At the top he uncovered his equatorial, and, for the first time at ease, explained to them its beauties, and revealed by its help the glories of those stars that were eligible for inspection. The Bishop spoke as intelligently as could be expected on a topic not peculiarly his own; but, somehow, he seemed rather more abstracted in manner now than when he had arrived. Swithin thought that perhaps the long clamber up the stairs, coming after a hard day’s work, had taken his spontaneity out of him, and Mr. Torkingham was afraid that his lordship was getting bored. But this did not appear to be the case; for though he said little he stayed on some time longer, examining the construction of the dome after relinquishing the telescope; while occasionally Swithin caught the eyes of the Bishop fixed hard on him.
‘Perhaps he sees some likeness of my father in me,’ the young man thought; and the party making ready to leave at this time he conducted them to the bottom of the tower.
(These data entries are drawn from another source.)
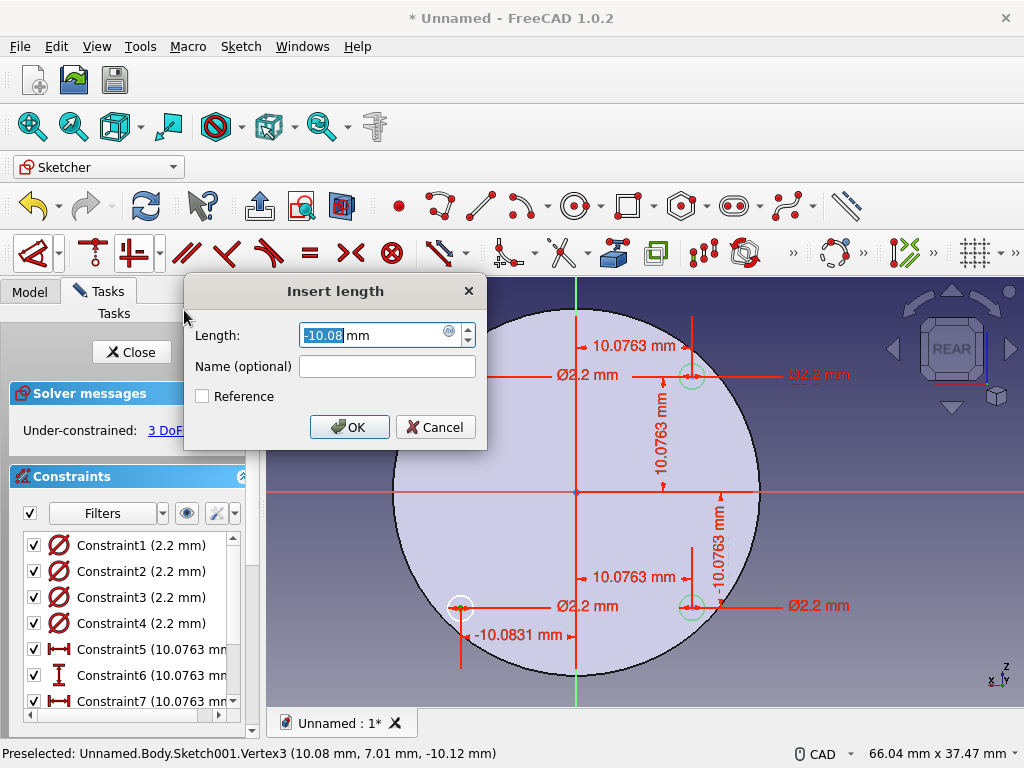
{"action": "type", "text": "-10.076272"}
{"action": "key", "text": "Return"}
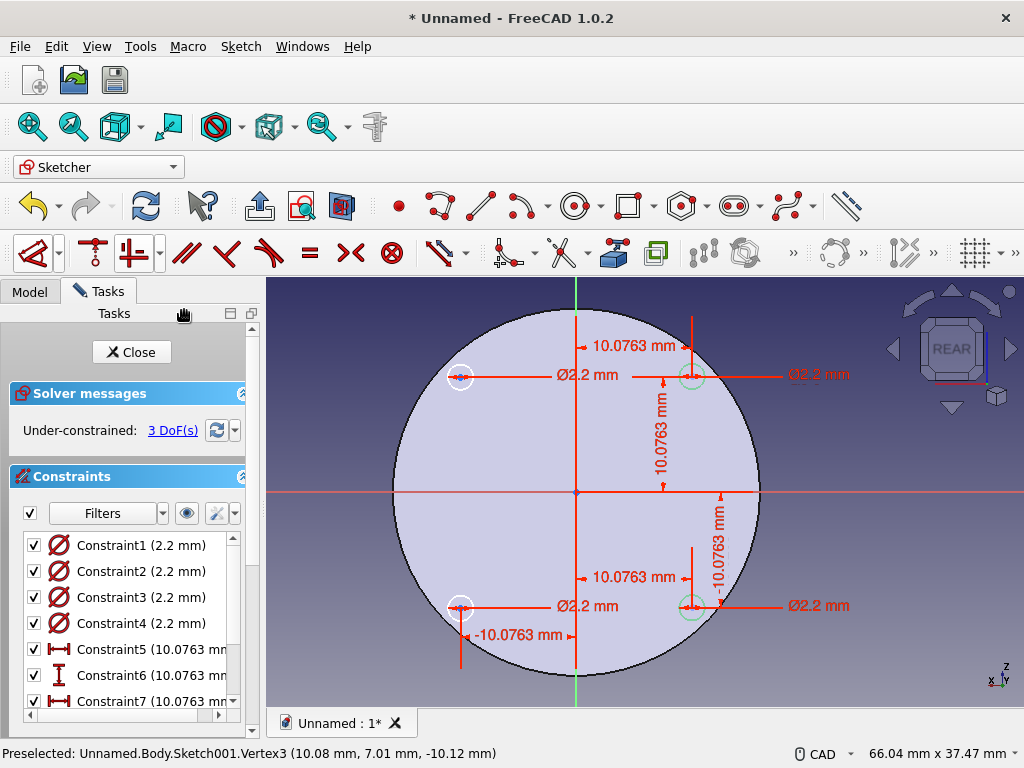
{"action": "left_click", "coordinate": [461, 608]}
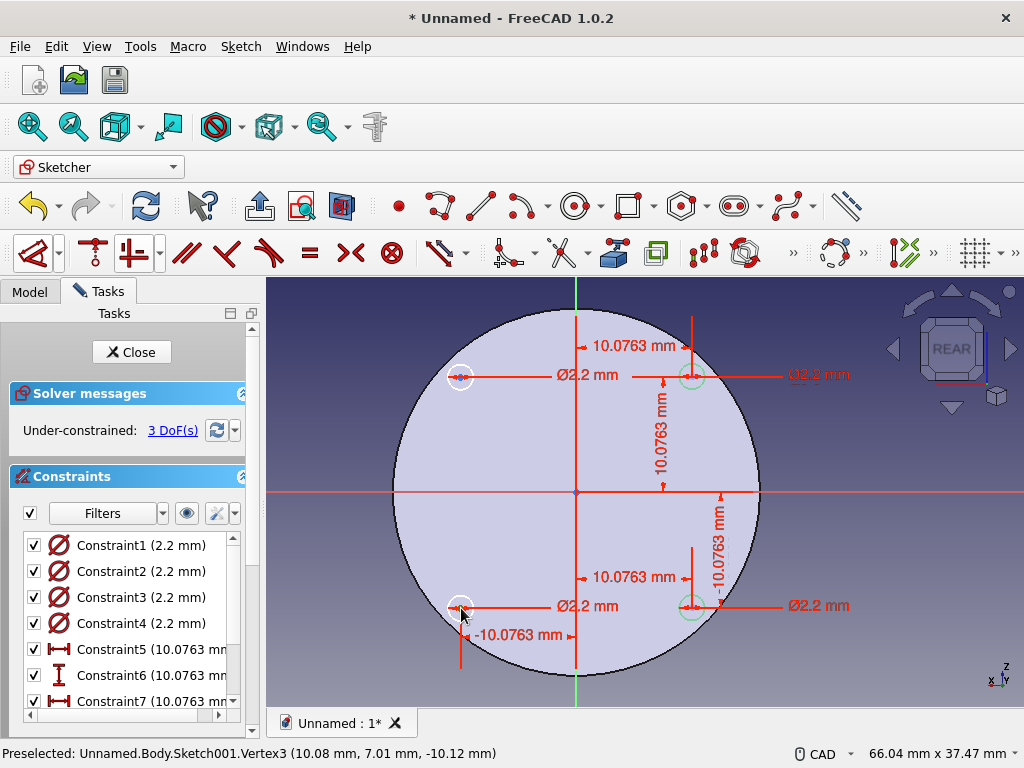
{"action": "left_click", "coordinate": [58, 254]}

Swithin was not prepared for what followed their descent. All were standing at the foot of the staircase. The astronomer, lantern in hand, offered to show them the way out of the plantation, to which Mr. Torkingham replied that he knew the way very well, and would not trouble his young friend. He strode forward with the words, and Louis followed him, after waiting a moment and finding that the Bishop would not take the precedence. The latter and Swithin were thus left together for one moment, whereupon the Bishop turned.
‘Mr. St. Cleeve,’ he said in a strange voice, ‘I should like to speak to you privately, before I leave, to-morrow morning. Can you meet me — let me see — in the churchyard, at half-past ten o’clock?’
‘O yes, my lord, certainly,’ said Swithin. And before he had recovered from his surprise the Bishop had joined the others in the shades of the plantation.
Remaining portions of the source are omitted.